TASK DIRECTIONS = Copy the entries below word for word, minus the pictures.
•••••
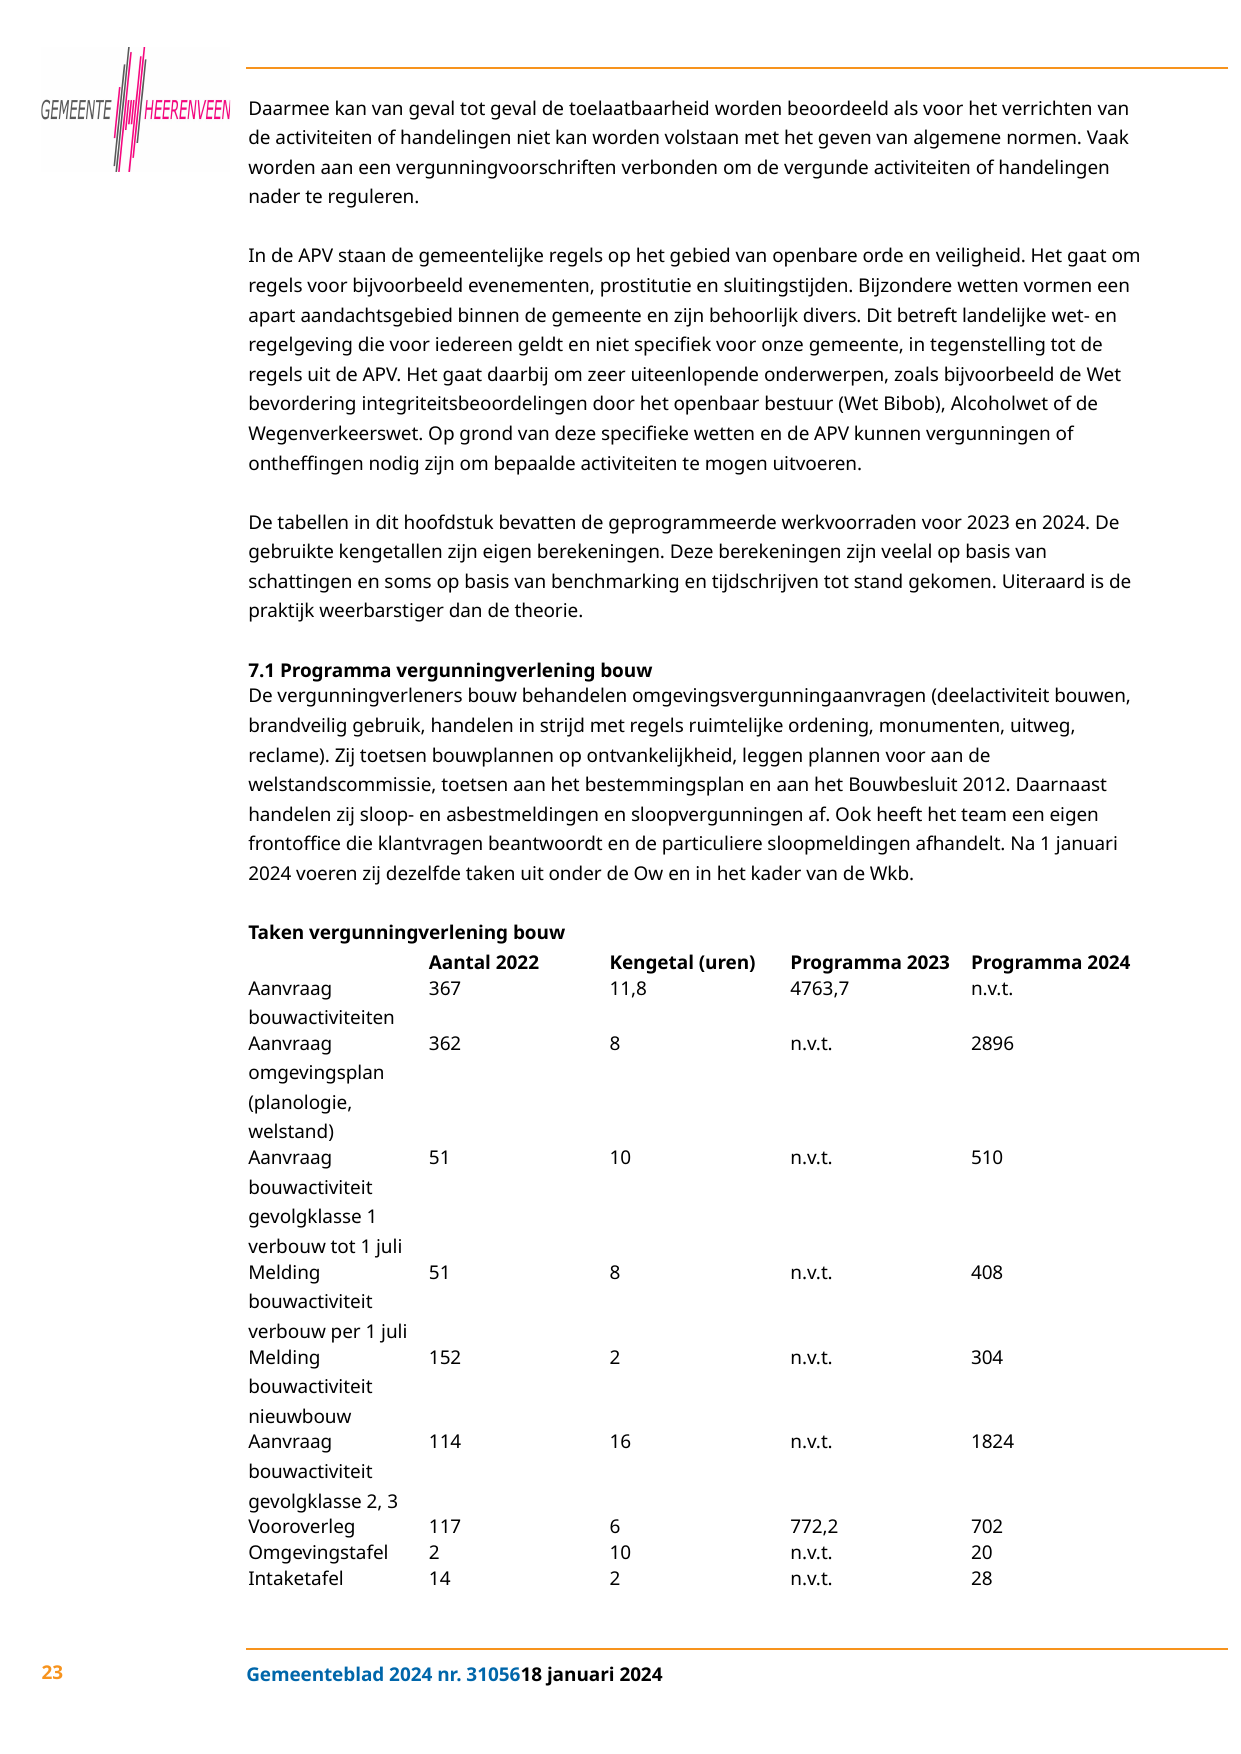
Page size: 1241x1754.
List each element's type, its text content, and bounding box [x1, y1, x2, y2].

table_header Programma 2023 [790, 949, 971, 975]
table_cell 51 [429, 1259, 609, 1344]
table_cell 16 [609, 1429, 790, 1514]
table_cell 8 [609, 1030, 790, 1144]
table_cell 20 [971, 1539, 1152, 1565]
table_cell n.v.t. [790, 1145, 971, 1259]
table_cell n.v.t. [971, 975, 1152, 1030]
table_cell 2 [429, 1539, 609, 1565]
table_header Programma 2024 [971, 949, 1152, 975]
table_cell n.v.t. [790, 1259, 971, 1344]
table_cell 510 [971, 1145, 1152, 1259]
text 7.1 Programma vergunningverlening bouw [248, 657, 1152, 683]
table_cell Intaketafel [248, 1565, 429, 1591]
table_cell n.v.t. [790, 1539, 971, 1565]
table_header [248, 949, 429, 975]
table_cell 8 [609, 1259, 790, 1344]
text De vergunningverleners bouw behandelen omgevingsvergunningaanvragen (deelactiviteit bouwen, brandveilig gebruik, handelen in strijd met regels ruimtelijke ordening, monumenten, uitweg, reclame). Zij toetsen bouwplannen op ontvankelijkheid, leggen plannen voor aan de welstandscommissie, toetsen aan het bestemmingsplan en aan het Bouwbesluit 2012. Daarnaast handelen zij sloop- en asbestmeldingen en sloopvergunningen af. Ook heeft het team een eigen frontoffice die klantvragen beantwoordt en de particuliere sloopmeldingen afhandelt. Na 1 januari 2024 voeren zij dezelfde taken uit onder de Ow en in het kader van de Wkb. [248, 683, 1152, 886]
picture [41, 47, 231, 172]
table_cell 10 [609, 1145, 790, 1259]
table_cell 28 [971, 1565, 1152, 1591]
table_cell 10 [609, 1539, 790, 1565]
table_cell 14 [429, 1565, 609, 1591]
table_cell 2896 [971, 1030, 1152, 1144]
text Taken vergunningverlening bouw [248, 919, 1152, 945]
table_cell 117 [429, 1514, 609, 1539]
table_header Kengetal (uren) [609, 949, 790, 975]
table_cell Aanvraag bouwactiviteit gevolgklasse 1 verbouw tot 1 juli [248, 1145, 429, 1259]
table_cell n.v.t. [790, 1429, 971, 1514]
text De tabellen in dit hoofdstuk bevatten de geprogrammeerde werkvoorraden voor 2023 en 2024. De gebruikte kengetallen zijn eigen berekeningen. Deze berekeningen zijn veelal op basis van schattingen en soms op basis van benchmarking en tijdschrijven tot stand gekomen. Uiteraard is de praktijk weerbarstiger dan de theorie. [248, 509, 1152, 623]
table_cell 408 [971, 1259, 1152, 1344]
table_cell 362 [429, 1030, 609, 1144]
table_cell 2 [609, 1344, 790, 1429]
table_cell Melding bouwactiviteit verbouw per 1 juli [248, 1259, 429, 1344]
table_cell Aanvraag bouwactiviteit gevolgklasse 2, 3 [248, 1429, 429, 1514]
text In de APV staan de gemeentelijke regels op het gebied van openbare orde en veiligheid. Het gaat om regels voor bijvoorbeeld evenementen, prostitutie en sluitingstijden. Bijzondere wetten vormen een apart aandachtsgebied binnen de gemeente en zijn behoorlijk divers. Dit betreft landelijke wet- en regelgeving die voor iedereen geldt en niet specifiek voor onze gemeente, in tegenstelling tot de regels uit de APV. Het gaat daarbij om zeer uiteenlopende onderwerpen, zoals bijvoorbeeld de Wet bevordering integriteitsbeoordelingen door het openbaar bestuur (Wet Bibob), Alcoholwet of de Wegenverkeerswet. Op grond van deze specifieke wetten en de APV kunnen vergunningen of ontheffingen nodig zijn om bepaalde activiteiten te mogen uitvoeren. [248, 243, 1152, 476]
table_cell 11,8 [609, 975, 790, 1030]
table_cell 114 [429, 1429, 609, 1514]
table_cell n.v.t. [790, 1565, 971, 1591]
table_cell Omgevingstafel [248, 1539, 429, 1565]
table_header Aantal 2022 [429, 949, 609, 975]
table_cell n.v.t. [790, 1030, 971, 1144]
table_cell 152 [429, 1344, 609, 1429]
table_cell 772,2 [790, 1514, 971, 1539]
table_cell 702 [971, 1514, 1152, 1539]
table_cell 2 [609, 1565, 790, 1591]
table_cell 4763,7 [790, 975, 971, 1030]
table_cell 367 [429, 975, 609, 1030]
table_cell n.v.t. [790, 1344, 971, 1429]
table_cell 6 [609, 1514, 790, 1539]
table_cell Aanvraag bouwactiviteiten [248, 975, 429, 1030]
table_cell 51 [429, 1145, 609, 1259]
table_cell Vooroverleg [248, 1514, 429, 1539]
table_cell Aanvraag omgevingsplan (planologie, welstand) [248, 1030, 429, 1144]
text Daarmee kan van geval tot geval de toelaatbaarheid worden beoordeeld als voor het verrichten van de activiteiten of handelingen niet kan worden volstaan met het geven van algemene normen. Vaak worden aan een vergunningvoorschriften verbonden om de vergunde activiteiten of handelingen nader te reguleren. [248, 95, 1152, 209]
table_cell 304 [971, 1344, 1152, 1429]
table_cell 1824 [971, 1429, 1152, 1514]
table_cell Melding bouwactiviteit nieuwbouw [248, 1344, 429, 1429]
•••••
YOUR SOLUTION =
Page size: 1241x1754.
List each element's type, its text content, and bounding box [x1, y1, x2, y2].

table_header Programma 2023 [790, 949, 971, 975]
table_cell 51 [429, 1259, 609, 1344]
table_cell 16 [609, 1429, 790, 1514]
table_cell 8 [609, 1030, 790, 1144]
table_cell 20 [971, 1539, 1152, 1565]
table_cell n.v.t. [790, 1145, 971, 1259]
table_cell n.v.t. [971, 975, 1152, 1030]
table_cell 2 [429, 1539, 609, 1565]
table_header Programma 2024 [971, 949, 1152, 975]
table_cell n.v.t. [790, 1259, 971, 1344]
table_cell 510 [971, 1145, 1152, 1259]
text 7.1 Programma vergunningverlening bouw [248, 657, 1152, 683]
table_cell Intaketafel [248, 1565, 429, 1591]
table_cell n.v.t. [790, 1539, 971, 1565]
table_header [248, 949, 429, 975]
table_cell 8 [609, 1259, 790, 1344]
text De vergunningverleners bouw behandelen omgevingsvergunningaanvragen (deelactiviteit bouwen, brandveilig gebruik, handelen in strijd met regels ruimtelijke ordening, monumenten, uitweg, reclame). Zij toetsen bouwplannen op ontvankelijkheid, leggen plannen voor aan de welstandscommissie, toetsen aan het bestemmingsplan en aan het Bouwbesluit 2012. Daarnaast handelen zij sloop- en asbestmeldingen en sloopvergunningen af. Ook heeft het team een eigen frontoffice die klantvragen beantwoordt en de particuliere sloopmeldingen afhandelt. Na 1 januari 2024 voeren zij dezelfde taken uit onder de Ow en in het kader van de Wkb. [248, 683, 1152, 886]
picture [41, 47, 231, 172]
table_cell 10 [609, 1145, 790, 1259]
table_cell 28 [971, 1565, 1152, 1591]
table_cell 10 [609, 1539, 790, 1565]
table_cell 14 [429, 1565, 609, 1591]
table_cell 2896 [971, 1030, 1152, 1144]
text Taken vergunningverlening bouw [248, 919, 1152, 945]
table_cell 117 [429, 1514, 609, 1539]
table_header Kengetal (uren) [609, 949, 790, 975]
table_cell Aanvraag bouwactiviteit gevolgklasse 1 verbouw tot 1 juli [248, 1145, 429, 1259]
table_cell n.v.t. [790, 1429, 971, 1514]
text De tabellen in dit hoofdstuk bevatten de geprogrammeerde werkvoorraden voor 2023 en 2024. De gebruikte kengetallen zijn eigen berekeningen. Deze berekeningen zijn veelal op basis van schattingen en soms op basis van benchmarking en tijdschrijven tot stand gekomen. Uiteraard is de praktijk weerbarstiger dan de theorie. [248, 509, 1152, 623]
table_cell 408 [971, 1259, 1152, 1344]
table_cell 362 [429, 1030, 609, 1144]
table_cell 2 [609, 1344, 790, 1429]
table_cell Melding bouwactiviteit verbouw per 1 juli [248, 1259, 429, 1344]
table_cell Aanvraag bouwactiviteit gevolgklasse 2, 3 [248, 1429, 429, 1514]
text In de APV staan de gemeentelijke regels op het gebied van openbare orde en veiligheid. Het gaat om regels voor bijvoorbeeld evenementen, prostitutie en sluitingstijden. Bijzondere wetten vormen een apart aandachtsgebied binnen de gemeente en zijn behoorlijk divers. Dit betreft landelijke wet- en regelgeving die voor iedereen geldt en niet specifiek voor onze gemeente, in tegenstelling tot de regels uit de APV. Het gaat daarbij om zeer uiteenlopende onderwerpen, zoals bijvoorbeeld de Wet bevordering integriteitsbeoordelingen door het openbaar bestuur (Wet Bibob), Alcoholwet of de Wegenverkeerswet. Op grond van deze specifieke wetten en de APV kunnen vergunningen of ontheffingen nodig zijn om bepaalde activiteiten te mogen uitvoeren. [248, 243, 1152, 476]
table_cell 11,8 [609, 975, 790, 1030]
table_cell 114 [429, 1429, 609, 1514]
table_cell n.v.t. [790, 1565, 971, 1591]
table_cell Omgevingstafel [248, 1539, 429, 1565]
table_header Aantal 2022 [429, 949, 609, 975]
table_cell n.v.t. [790, 1030, 971, 1144]
table_cell 152 [429, 1344, 609, 1429]
table_cell 772,2 [790, 1514, 971, 1539]
table_cell 702 [971, 1514, 1152, 1539]
table_cell 2 [609, 1565, 790, 1591]
table_cell 4763,7 [790, 975, 971, 1030]
table_cell 367 [429, 975, 609, 1030]
table_cell n.v.t. [790, 1344, 971, 1429]
table_cell 6 [609, 1514, 790, 1539]
table_cell Aanvraag bouwactiviteiten [248, 975, 429, 1030]
table_cell 51 [429, 1145, 609, 1259]
table_cell Vooroverleg [248, 1514, 429, 1539]
table_cell Aanvraag omgevingsplan (planologie, welstand) [248, 1030, 429, 1144]
text Daarmee kan van geval tot geval de toelaatbaarheid worden beoordeeld als voor het verrichten van de activiteiten of handelingen niet kan worden volstaan met het geven van algemene normen. Vaak worden aan een vergunningvoorschriften verbonden om de vergunde activiteiten of handelingen nader te reguleren. [248, 95, 1152, 209]
table_cell 304 [971, 1344, 1152, 1429]
table_cell 1824 [971, 1429, 1152, 1514]
table_cell Melding bouwactiviteit nieuwbouw [248, 1344, 429, 1429]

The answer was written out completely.